#### TASK TO COMPLETE
Exact copy, pictures excluded: output the lines from the opening of the entries through the line bearing "(-1, -0.1736)], dxfattribs=at)".

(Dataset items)
^^^^^^^^^^^^^^^^

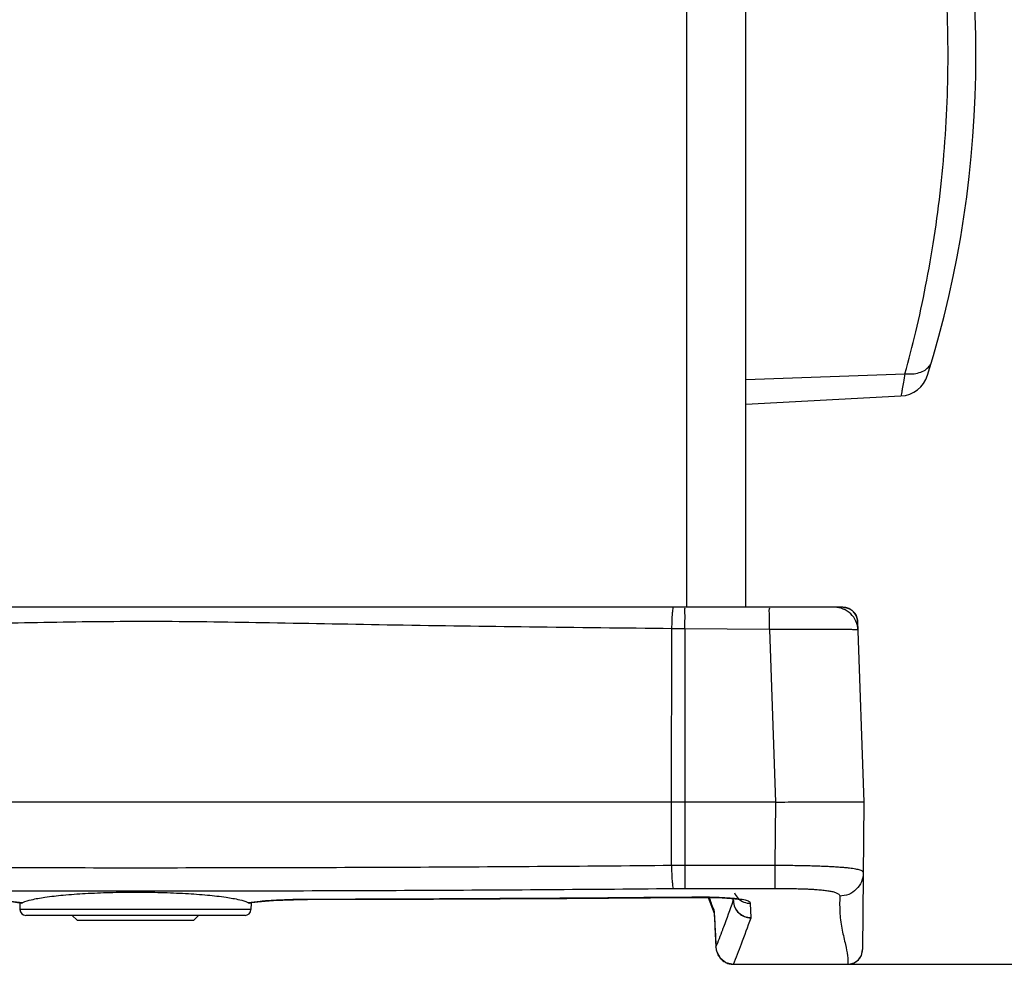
# Model space of a CAD drawing. Header units: inches. Extents: x 0 to 34, y 0 to 22.
# Tile 101 of 111: x 24.7 to 26.4, y 8.3 to 9.9. Entities that reach past the tile are written whole.
import ezdxf

# ---------------------------------------------------------------- set-up
doc = ezdxf.new("R2010")
doc.units = ezdxf.units.IN
doc.header["$LTSCALE"] = 1.87
doc.header["$MEASUREMENT"] = 0
doc.layers.get('0').update_dxf_attribs({"linetype": 'CONTINUOUS'})
doc.layers.add('DIMENSIONS', color=7, linetype='CONTINUOUS')
doc.styles.get("Standard").update_dxf_attribs({"font": 'txt', "width": 0.8})
doc.dimstyles.new('DIMSTYLE_1', dxfattribs={"dimtxt": 0.125, "dimasz": 0.18, "dimexe": 0.18, "dimexo": 0.0625, "dimgap": 0.09, "dimtad": 0, "dimtih": 1, "dimtoh": 1, "dimdec": 3, "dimzin": 4, "dimdsep": 46, "dimtxsty": 'STANDARD', "dimblk": '_FILLED', "dimblk1": '_FILLED', "dimblk2": '_FILLED', "dimcen": 0.09, "dimadec": 0, "dimazin": 0, "dimtp": 0.001, "dimtm": 0.001, "dimtfac": 1, "dimtdec": 3, "dimtofl": 0, "dimtmove": 0, "dimatfit": 3, "dimldrblk": '_FILLED', "dimfxl": 1, "dimtolj": 1, "dimtzin": 4, "dimarcsym": 0})

# ---------------------------------------------------------------- blocks, each defined once
blk = doc.blocks.new('_FILLED')
at = {"color": 0, "linetype": 'BYBLOCK'}
blk.add_solid([(0, 0), (-1, 0.1736), (-1, -0.1736)], dxfattribs=at)
blk = doc.blocks.new('*D19')
at = {"layer": 'DIMENSIONS', "color": 2, "linetype": 'CONTINUOUS'}
for p, q in [((26.2019, 19.1435), (27.5605, 19.1435)), ((27.4355, 19.1435), (27.4355, 14.0172)), ((27.4355, 8.3436), (27.4355, 13.7672)), ((26.0081, 8.3436), (27.5605, 8.3436))]:
    blk.add_line(p, q, dxfattribs=at)
at = {"layer": 'DIMENSIONS', "color": 2, "linetype": 'CONTINUOUS', "xscale": 0.18, "yscale": 0.18, "zscale": 0.18}
for p, rotation in [((27.4355, 19.1435), 90), ((27.4355, 8.3436), 270)]:
    blk.add_blockref('_FILLED', p, dxfattribs=dict(at, rotation=rotation))
at = {"layer": 'DIMENSIONS', "color": 2, "linetype": 'CONTINUOUS', "width": 0.8}
for s, p in [('10.800', (26.673, 13.8297)), ('[', (27.398, 13.8297)), ('274.32', (27.498, 13.8297)), (']', (28.098, 13.8297))]:
    blk.add_text(s, height=0.125, dxfattribs=at).set_placement(p)

msp = doc.modelspace()

# ---------------------------------------------------------------- linework, layer by layer
at = {"color": 7, "linetype": 'CONTINUOUS'}
for p, q in [((25.8666, 8.9485), (25.8666, 18.5385)), ((25.9666, 8.9485), (25.9666, 18.5385)), ((25.9666, 9.3346), (26.2362, 9.3444)), ((25.9666, 9.2929), (26.2294, 9.3067)), ((26.131, 8.9485), (23.8351, 8.9485)), ((26.1559, 8.9244), (26.1666, 8.6185)), ((25.8404, 8.6185), (25.8411, 8.9123)), ((26.0065, 8.9111), (25.8631, 8.9121)), ((25.8631, 8.9121), (25.8631, 8.4721)), ((26.0065, 8.9111), (26.0167, 8.6185)), ((26.0166, 8.6185), (23.9204, 8.6185)), ((25.8404, 8.5114), (25.8404, 8.6185)), ((26.0166, 8.6185), (26.0157, 8.5115)), ((26.1666, 8.6185), (26.1644, 8.3685)), ((25.8631, 8.5115), (26.0157, 8.5115)), ((26.0157, 8.5115), (26.0157, 8.4721)), ((25.8631, 8.4721), (26.0157, 8.4721)), ((24.7354, 8.4473), (24.7358, 8.4362)), ((24.7387, 8.4474), (24.7403, 8.4477)), ((25.123, 8.4477), (25.1245, 8.4474)), ((25.1245, 8.4474), (25.1289, 8.448)), ((25.1278, 8.4473), (25.1274, 8.4362)), ((25.1289, 8.448), (25.1392, 8.4493)), ((25.2233, 8.4532), (25.2233, 8.4534)), ((25.8753, 8.457), (25.875, 8.4572)), ((25.8753, 8.457), (25.8805, 8.457)), ((25.8805, 8.457), (25.8906, 8.457)), ((25.9028, 8.4569), (25.9127, 8.43)), ((25.9452, 8.4509), (25.9451, 8.4547)), ((25.9453, 8.4515), (25.9452, 8.4547)), ((25.9753, 8.4227), (25.9744, 8.4468)), ((25.1274, 8.4362), (24.7358, 8.4362)), ((25.9126, 8.4309), (25.9128, 8.4289)), ((25.1174, 8.4265), (24.7458, 8.4265)), ((24.8246, 8.4265), (24.8326, 8.4185)), ((24.8326, 8.4185), (25.0306, 8.4185)), ((25.0386, 8.4265), (25.0306, 8.4185)), ((25.9133, 8.4225), (25.9135, 8.418)), ((25.9141, 8.4076), (25.9141, 8.4072)), ((25.9141, 8.4072), (25.9158, 8.3723)), ((25.9158, 8.3723), (25.9158, 8.3729)), ((26.1644, 8.3681), (26.1644, 8.3685)), ((25.9456, 8.3436), (26.1394, 8.3436)), ((25.9458, 8.3436), (25.9457, 8.3435)), ((25.946, 8.3436), (25.946, 8.3435)), ((25.946, 8.3435), (26.1394, 8.3435)), ((26.1394, 8.3435), (26.1394, 8.3436))]:
    msp.add_line(p, q, dxfattribs=at)
for points in [[(24.6449, 8.4532), (24.6642, 8.4529), (24.6822, 8.4523), (24.6985, 8.4514), (24.7128, 8.4504), (24.7251, 8.4492), (24.7352, 8.4479), (24.7387, 8.4474)], [(25.1392, 8.4493), (25.1515, 8.4504), (25.1657, 8.4515), (25.1818, 8.4523), (25.1994, 8.4529), (25.2185, 8.4532), (25.2233, 8.4532)], [(25.2233, 8.4532), (25.4372, 8.454), (25.6629, 8.4553), (25.8753, 8.457)], [(25.8753, 8.457), (25.8837, 8.457), (25.9061, 8.4569), (25.9262, 8.4562), (25.9424, 8.455), (25.9535, 8.4537), (25.9569, 8.453)], [(25.9125, 8.4318), (25.9125, 8.4318), (25.9126, 8.4309)], [(25.9128, 8.429), (25.913, 8.4261), (25.9133, 8.4225)], [(25.9135, 8.418), (25.9138, 8.4129), (25.9141, 8.4072)], [(25.9158, 8.3723), (25.9168, 8.3659), (25.9227, 8.3544), (25.9326, 8.3465), (25.9455, 8.3435)], [(26.1394, 8.3435), (26.1415, 8.3436), (26.1499, 8.3458), (26.1572, 8.351), (26.1624, 8.3587), (26.1644, 8.3681)]]:
    msp.add_lwpolyline(points, dxfattribs=at)
for centre, radius, start, end in [((24.5286, 9.8835), 1.828, 342.7628, 17.2372), ((26.2268, 9.3566), 0.05, 273.0004, 342.7627), ((24.7458, 8.4365), 0.01, 182, 270), ((25.1174, 8.4365), 0.01, 270, 358)]:
    msp.add_arc(centre, radius, start, end, dxfattribs=at)
for points, knots in [([(26.2362, 9.3444), (26.2427, 9.3679), (26.2554, 9.4171), (26.2721, 9.494), (26.2864, 9.5759), (26.2977, 9.6615), (26.3055, 9.7494), (26.3094, 9.8387), (26.3094, 9.9283), (26.3055, 10.0176), (26.2977, 10.1055), (26.2864, 10.1911), (26.2721, 10.2731), (26.2554, 10.35), (26.2427, 10.3992), (26.2362, 10.4227)], [0, 0, 0, 0, 0.067122, 0.139625, 0.216219, 0.295679, 0.376834, 0.458764, 0.541227, 0.623157, 0.704316, 0.783776, 0.860369, 0.932873, 1, 1, 1, 1]), ([(26.2362, 9.3444), (26.2404, 9.3439), (26.2486, 9.3436), (26.2602, 9.3457), (26.2702, 9.35), (26.2777, 9.3565), (26.2807, 9.3621), (26.2815, 9.365)], [0, 0, 0, 0, 0.235449, 0.454817, 0.653782, 0.833103, 1, 1, 1, 1]), ([(26.2362, 9.3444), (26.2354, 9.3395), (26.2339, 9.3313), (26.2317, 9.3193), (26.2307, 9.3135), (26.2295, 9.3072), (26.2295, 9.3072)], [0, 0, 0, 0, 0.38872, 0.69002, 0.895686, 1, 1, 1, 1]), ([(25.8411, 8.9123), (25.8412, 8.9169), (25.8415, 8.9253), (25.8417, 8.9373), (25.8431, 8.9431), (25.843, 8.9485), (25.844, 8.9485)], [0, 0, 0, 0, 0.382931, 0.705275, 0.92059, 1, 1, 1, 1]), ([(25.8631, 8.9121), (25.8631, 8.9168), (25.8629, 8.9251), (25.8639, 8.9373), (25.8621, 8.9428), (25.864, 8.9485), (25.8631, 8.9485)], [0, 0, 0, 0, 0.385263, 0.709154, 0.924504, 1, 1, 1, 1]), ([(26.0065, 8.9111), (26.0065, 8.9159), (26.0063, 8.9244), (26.0073, 8.937), (26.0054, 8.9427), (26.0074, 8.9485), (26.0065, 8.9485)], [0, 0, 0, 0, 0.38527, 0.709166, 0.92452, 1, 1, 1, 1]), ([(26.1564, 8.9101), (26.1563, 8.9152), (26.1539, 8.9253), (26.145, 8.9381), (26.132, 8.9465), (26.1217, 8.9485), (26.1167, 8.9485)], [0, 0, 0, 0, 0.25, 0.5, 0.75, 1, 1, 1, 1]), ([(26.131, 8.9485), (26.1321, 8.9485), (26.1335, 8.9484), (26.1349, 8.9482), (26.1352, 8.9482)], [0, 0, 0, 0, 0.750033, 1, 1, 1, 1]), ([(26.1559, 8.9244), (26.1559, 8.926), (26.1555, 8.9289), (26.1542, 8.9329), (26.1525, 8.9364), (26.1504, 8.9394), (26.1481, 8.9418), (26.1456, 8.9439), (26.1428, 8.9456), (26.1395, 8.9471), (26.1355, 8.9483), (26.1326, 8.9485), (26.131, 8.9485)], [0, 0, 0, 0, 0.119928, 0.230105, 0.331611, 0.424932, 0.510825, 0.592887, 0.677778, 0.770858, 0.877184, 1, 1, 1, 1]), ([(26.1352, 8.9482), (26.1359, 8.9481), (26.1377, 8.9477), (26.1404, 8.9468), (26.1433, 8.9454), (26.1459, 8.9437), (26.1484, 8.9416), (26.1506, 8.9392), (26.1526, 8.9363), (26.1543, 8.9328), (26.1551, 8.9303), (26.1554, 8.929)], [0, 0, 0, 0, 0.072793, 0.182299, 0.29137, 0.398045, 0.503466, 0.613376, 0.732415, 0.861634, 1, 1, 1, 1]), ([(25.8411, 8.9123), (25.7606, 8.9131), (25.6041, 8.9148), (25.3767, 8.918), (25.1669, 8.922), (24.9758, 8.9251), (24.7972, 8.9234), (24.6217, 8.919), (24.4364, 8.9197), (24.236, 8.9195), (24.0956, 8.9196), (24.0221, 8.9196)], [0, 0, 0, 0, 0.132791, 0.258166, 0.374931, 0.478841, 0.573374, 0.669413, 0.768494, 0.878819, 1, 1, 1, 1]), ([(26.1554, 8.929), (26.1554, 8.929), (26.1557, 8.9275), (26.1559, 8.926), (26.1559, 8.9245)], [0, 0, 0, 0, 0.012357, 1, 1, 1, 1]), ([(25.8631, 8.9121), (25.8606, 8.9121), (25.8558, 8.9122), (25.8484, 8.9122), (25.8436, 8.9123), (25.8411, 8.9123)], [0, 0, 0, 0, 0.333583, 0.667003, 1, 1, 1, 1]), ([(26.1564, 8.9101), (26.1564, 8.9103), (26.1552, 8.9101), (26.1539, 8.9105), (26.1511, 8.9105), (26.1478, 8.9106), (26.1438, 8.9107), (26.1392, 8.9108), (26.134, 8.9109), (26.1283, 8.911), (26.1221, 8.911), (26.1152, 8.9111), (26.1077, 8.9111), (26.0994, 8.9111), (26.0903, 8.9111), (26.08, 8.9111), (26.0686, 8.9111), (26.0556, 8.9111), (26.0409, 8.9111), (26.0244, 8.9111), (26.0127, 8.9111), (26.0065, 8.9111)], [0, 0, 0, 0, 0.004223, 0.015738, 0.033443, 0.056228, 0.083279, 0.114124, 0.148529, 0.186454, 0.22803, 0.273551, 0.32347, 0.378417, 0.439217, 0.506927, 0.582886, 0.668745, 0.766097, 0.876082, 1, 1, 1, 1]), ([(26.0167, 8.6185), (26.031, 8.6185), (26.0581, 8.6188), (26.0955, 8.6189), (26.126, 8.6191), (26.1477, 8.6189), (26.1602, 8.619), (26.1654, 8.6186), (26.1666, 8.6185)], [0, 0, 0, 0, 0.285143, 0.542229, 0.749835, 0.895179, 0.975994, 1, 1, 1, 1]), ([(24.0228, 8.5114), (24.0985, 8.5107), (24.2498, 8.5095), (24.4769, 8.5082), (24.7042, 8.5074), (24.9316, 8.5072), (25.159, 8.5074), (25.3863, 8.5082), (25.6134, 8.5095), (25.7648, 8.5107), (25.8404, 8.5114)], [0, 0, 0, 0, 0.124831, 0.249806, 0.374879, 0.5, 0.625121, 0.750193, 0.875169, 1, 1, 1, 1]), ([(25.8404, 8.5114), (25.8444, 8.5114), (25.8519, 8.5115), (25.8595, 8.5115), (25.8631, 8.5115)], [0, 0, 0, 0, 0.523827, 1, 1, 1, 1]), ([(25.8404, 8.5114), (25.8405, 8.5067), (25.8407, 8.498), (25.8412, 8.4862), (25.8422, 8.4779), (25.8427, 8.4733), (25.8435, 8.472)], [0, 0, 0, 0, 0.356158, 0.665762, 0.889459, 1, 1, 1, 1]), ([(26.0157, 8.5115), (26.021, 8.5115), (26.0312, 8.5115), (26.0459, 8.5113), (26.0596, 8.5111), (26.0722, 8.5108), (26.0837, 8.5105), (26.0942, 8.5101), (26.1037, 8.5097), (26.1123, 8.5093), (26.12, 8.5088), (26.1271, 8.5083), (26.1336, 8.5078), (26.1395, 8.5073), (26.1449, 8.5066), (26.1498, 8.5059), (26.1541, 8.5051), (26.1579, 8.5042), (26.161, 8.5031), (26.1635, 8.5019), (26.1652, 8.5004), (26.1656, 8.499), (26.1656, 8.4985)], [0, 0, 0, 0, 0.103834, 0.200417, 0.289868, 0.372373, 0.448079, 0.516832, 0.578488, 0.63419, 0.685089, 0.731575, 0.773989, 0.812735, 0.848113, 0.880354, 0.909362, 0.934796, 0.956534, 0.97458, 0.988693, 1, 1, 1, 1]), ([(26.1656, 8.4985), (26.1655, 8.4933), (26.1634, 8.4829), (26.1544, 8.4699), (26.1412, 8.4611), (26.1307, 8.4591), (26.1256, 8.4591)], [0, 0, 0, 0, 0.249241, 0.498919, 0.749228, 1, 1, 1, 1]), ([(24.0198, 8.472), (24.0957, 8.4713), (24.2475, 8.4701), (24.4754, 8.4688), (24.7035, 8.4681), (24.9316, 8.4678), (25.1598, 8.4681), (25.3878, 8.4688), (25.6157, 8.4701), (25.7676, 8.4713), (25.8435, 8.472)], [0, 0, 0, 0, 0.12483, 0.249806, 0.374879, 0.5, 0.625121, 0.750194, 0.87517, 1, 1, 1, 1]), ([(24.9316, 8.4653), (24.9171, 8.4653), (24.8887, 8.4649), (24.8478, 8.4633), (24.8112, 8.4607), (24.7805, 8.4573), (24.7575, 8.4533), (24.7448, 8.4499), (24.7403, 8.4477)], [0, 0, 0, 0, 0.226492, 0.441826, 0.635579, 0.798084, 0.921383, 1, 1, 1, 1]), ([(25.123, 8.4477), (25.1185, 8.4499), (25.1058, 8.4533), (25.0828, 8.4573), (25.0521, 8.4607), (25.0154, 8.4633), (24.9746, 8.4649), (24.9462, 8.4653), (24.9316, 8.4653)], [0, 0, 0, 0, 0.078612, 0.201912, 0.364418, 0.558173, 0.773507, 1, 1, 1, 1]), ([(25.8435, 8.472), (25.8469, 8.4721), (25.8534, 8.4721), (25.86, 8.4721), (25.8631, 8.4721)], [0, 0, 0, 0, 0.523836, 1, 1, 1, 1]), ([(25.947, 8.4645), (25.9486, 8.461), (25.9531, 8.4547), (25.9629, 8.4483), (25.9706, 8.4468), (25.9744, 8.4468)], [0, 0, 0, 0, 0.33263, 0.666029, 1, 1, 1, 1]), ([(26.0157, 8.4721), (26.0202, 8.4721), (26.0288, 8.4721), (26.0411, 8.472), (26.052, 8.4718), (26.0618, 8.4715), (26.0703, 8.4712), (26.0778, 8.4708), (26.0842, 8.4705), (26.0898, 8.47), (26.0948, 8.4696), (26.0992, 8.4691), (26.1033, 8.4686), (26.107, 8.468), (26.1105, 8.4674), (26.1138, 8.4667), (26.1168, 8.4658), (26.1196, 8.4649), (26.1219, 8.4638), (26.1239, 8.4625), (26.1253, 8.4609), (26.1256, 8.4597), (26.1256, 8.4591)], [0, 0, 0, 0, 0.119747, 0.227872, 0.3246, 0.410384, 0.485806, 0.55135, 0.607711, 0.656819, 0.700498, 0.739806, 0.775654, 0.80887, 0.840043, 0.869563, 0.897393, 0.923114, 0.946415, 0.967117, 0.984732, 1, 1, 1, 1]), ([(25.2233, 8.4534), (25.2138, 8.4534), (25.1952, 8.4531), (25.1685, 8.452), (25.1513, 8.4508), (25.1432, 8.45)], [0, 0, 0, 0, 0.356101, 0.695229, 1, 1, 1, 1]), ([(25.875, 8.4572), (25.7664, 8.4562), (25.5492, 8.4546), (25.3319, 8.4537), (25.2233, 8.4534)], [0, 0, 0, 0, 0.4998, 1, 1, 1, 1]), ([(25.9401, 8.4555), (25.9339, 8.456), (25.9203, 8.4568), (25.8986, 8.4573), (25.8831, 8.4573), (25.875, 8.4572)], [0, 0, 0, 0, 0.286697, 0.625752, 1, 1, 1, 1]), ([(25.9272, 8.4021), (25.9279, 8.4037), (25.934, 8.42), (25.94, 8.4363), (25.9452, 8.4509)], [0, 0, 0, 0, 0.102636, 1, 1, 1, 1]), ([(25.9744, 8.4468), (25.9744, 8.448), (25.9712, 8.4506), (25.9645, 8.4523), (25.9536, 8.4544), (25.945, 8.4552), (25.9401, 8.4555)], [0, 0, 0, 0, 0.094694, 0.287835, 0.591805, 1, 1, 1, 1]), ([(25.9452, 8.4509), (25.9453, 8.451), (25.9453, 8.4512), (25.9453, 8.4514), (25.9453, 8.4515)], [0, 0, 0, 0, 0.50412, 1, 1, 1, 1]), ([(25.9452, 8.4509), (25.9454, 8.4471), (25.9472, 8.4395), (25.9539, 8.43), (25.9637, 8.4236), (25.9714, 8.4221), (25.9752, 8.4221)], [0, 0, 0, 0, 0.249382, 0.499304, 0.74963, 1, 1, 1, 1]), ([(25.9454, 8.4504), (25.9456, 8.4469), (25.9474, 8.4397), (25.9539, 8.4305), (25.9638, 8.4241), (25.9715, 8.4227), (25.9753, 8.4227)], [0, 0, 0, 0, 0.230956, 0.486851, 0.743242, 1, 1, 1, 1]), ([(26.1256, 8.4591), (26.1255, 8.4491), (26.125, 8.4297), (26.1294, 8.4022), (26.1348, 8.3788), (26.1392, 8.3597), (26.1394, 8.3484), (26.1394, 8.3436)], [0, 0, 0, 0, 0.257092, 0.49734, 0.71226, 0.875529, 1, 1, 1, 1]), ([(25.912, 8.4363), (25.9121, 8.4361), (25.9122, 8.4354), (25.9124, 8.4342), (25.9126, 8.4324), (25.9127, 8.4309), (25.9128, 8.43), (25.9128, 8.4298)], [0, 0, 0, 0, 0.111776, 0.305024, 0.576162, 0.923086, 1, 1, 1, 1]), ([(25.9128, 8.4298), (25.9128, 8.4291), (25.913, 8.4273), (25.9132, 8.4242), (25.9133, 8.4219), (25.9134, 8.4207)], [0, 0, 0, 0, 0.246907, 0.599778, 1, 1, 1, 1]), ([(25.9136, 8.4167), (25.9137, 8.4152), (25.9139, 8.4122), (25.914, 8.4092), (25.9141, 8.4076)], [0, 0, 0, 0, 0.483343, 1, 1, 1, 1]), ([(25.9456, 8.3436), (25.9502, 8.355), (25.9603, 8.3811), (25.9699, 8.4074), (25.9752, 8.4221)], [0, 0, 0, 0, 0.439652, 1, 1, 1, 1]), ([(25.9752, 8.4221), (25.9752, 8.4222), (25.9753, 8.4224), (25.9753, 8.4226), (25.9753, 8.4227)], [0, 0, 0, 0, 0.507284, 1, 1, 1, 1]), ([(25.9141, 8.4076), (25.9144, 8.4018), (25.9149, 8.3902), (25.9155, 8.3787), (25.9158, 8.3729)], [0, 0, 0, 0, 0.500003, 1, 1, 1, 1]), ([(25.9158, 8.3716), (25.9159, 8.3707), (25.9161, 8.369), (25.9164, 8.3673), (25.9166, 8.3666)], [0, 0, 0, 0, 0.55665, 1, 1, 1, 1]), ([(25.9168, 8.3657), (25.9169, 8.3655), (25.9173, 8.3641), (25.9182, 8.3615), (25.92, 8.3581), (25.9215, 8.3558), (25.9224, 8.3547), (25.9225, 8.3546)], [0, 0, 0, 0, 0.041998, 0.346839, 0.656266, 0.965501, 1, 1, 1, 1]), ([(26.1394, 8.3436), (26.1411, 8.3436), (26.1443, 8.3439), (26.149, 8.3453), (26.1534, 8.3477), (26.1572, 8.3508), (26.1603, 8.3546), (26.1626, 8.3589), (26.164, 8.3635), (26.1644, 8.3666), (26.1644, 8.3681)], [0, 0, 0, 0, 0.126207, 0.252864, 0.379203, 0.505339, 0.63146, 0.757748, 0.884281, 1, 1, 1, 1]), ([(25.9225, 8.3546), (25.9232, 8.3537), (25.9248, 8.352), (25.9276, 8.3496), (25.9302, 8.3479), (25.9317, 8.347), (25.9322, 8.3468)], [0, 0, 0, 0, 0.269603, 0.571352, 0.877512, 1, 1, 1, 1]), ([(25.9322, 8.3468), (25.9329, 8.3464), (25.9348, 8.3456), (25.938, 8.3445), (25.9417, 8.3437), (25.9443, 8.3436), (25.9456, 8.3436)], [0, 0, 0, 0, 0.169803, 0.449592, 0.725668, 1, 1, 1, 1])]:
    msp.add_open_spline(points, degree=3, knots=knots, dxfattribs=at)
for points in [[(24.7403, 8.4477), (24.7336, 8.4486), (24.7268, 8.4494), (24.7201, 8.45)], [(25.1432, 8.45), (25.1365, 8.4494), (25.1297, 8.4486), (25.123, 8.4477)], [(25.912, 8.4363), (25.9092, 8.4438), (25.9069, 8.4503), (25.9044, 8.4569)], [(25.9453, 8.4515), (25.9453, 8.4511), (25.9453, 8.4507), (25.9454, 8.4504)], [(25.912, 8.4363), (25.912, 8.4348), (25.9122, 8.4333), (25.9125, 8.4318)], [(25.9134, 8.4207), (25.9135, 8.4194), (25.9136, 8.418), (25.9136, 8.4167)], [(25.9158, 8.3729), (25.9197, 8.3826), (25.9235, 8.3923), (25.9272, 8.4021)], [(25.9158, 8.3729), (25.9158, 8.3725), (25.9158, 8.372), (25.9158, 8.3716)], [(25.9166, 8.3666), (25.9167, 8.3663), (25.9168, 8.366), (25.9168, 8.3657)]]:
    msp.add_open_spline(points, degree=3, dxfattribs=at)

# ---------------------------------------------------------------- dimensions: what is measured, and where the dimension line sits
at = {"layer": 'DIMENSIONS', "color": 2, "linetype": 'CONTINUOUS'}
dim = msp.add_linear_dim(base=(27.4355, 8.3436), p1=(26.2019, 19.1435), p2=(26.0081, 8.3436), angle=270, dimstyle='DIMSTYLE_1', dxfattribs=at)
dim.commit()
dim.dimension.update_dxf_attribs({"geometry": '*D19', "text_midpoint": (27.4355, 13.8922), "dimtype": 160})

doc.saveas('drawing.dxf')

^^^^^^^^^^^^^^^^

#### RESPONSE AREA
# Model space of a CAD drawing. Header units: inches. Extents: x 0 to 34, y 0 to 22.
# Tile 101 of 111: x 24.7 to 26.4, y 8.3 to 9.9. Entities that reach past the tile are written whole.
import ezdxf

# ---------------------------------------------------------------- set-up
doc = ezdxf.new("R2010")
doc.units = ezdxf.units.IN
doc.header["$LTSCALE"] = 1.87
doc.header["$MEASUREMENT"] = 0
doc.layers.get('0').update_dxf_attribs({"linetype": 'CONTINUOUS'})
doc.layers.add('DIMENSIONS', color=7, linetype='CONTINUOUS')
doc.styles.get("Standard").update_dxf_attribs({"font": 'txt', "width": 0.8})
doc.dimstyles.new('DIMSTYLE_1', dxfattribs={"dimtxt": 0.125, "dimasz": 0.18, "dimexe": 0.18, "dimexo": 0.0625, "dimgap": 0.09, "dimtad": 0, "dimtih": 1, "dimtoh": 1, "dimdec": 3, "dimzin": 4, "dimdsep": 46, "dimtxsty": 'STANDARD', "dimblk": '_FILLED', "dimblk1": '_FILLED', "dimblk2": '_FILLED', "dimcen": 0.09, "dimadec": 0, "dimazin": 0, "dimtp": 0.001, "dimtm": 0.001, "dimtfac": 1, "dimtdec": 3, "dimtofl": 0, "dimtmove": 0, "dimatfit": 3, "dimldrblk": '_FILLED', "dimfxl": 1, "dimtolj": 1, "dimtzin": 4, "dimarcsym": 0})

# ---------------------------------------------------------------- blocks, each defined once
blk = doc.blocks.new('_FILLED')
at = {"color": 0, "linetype": 'BYBLOCK'}
blk.add_solid([(0, 0), (-1, 0.1736), (-1, -0.1736)], dxfattribs=at)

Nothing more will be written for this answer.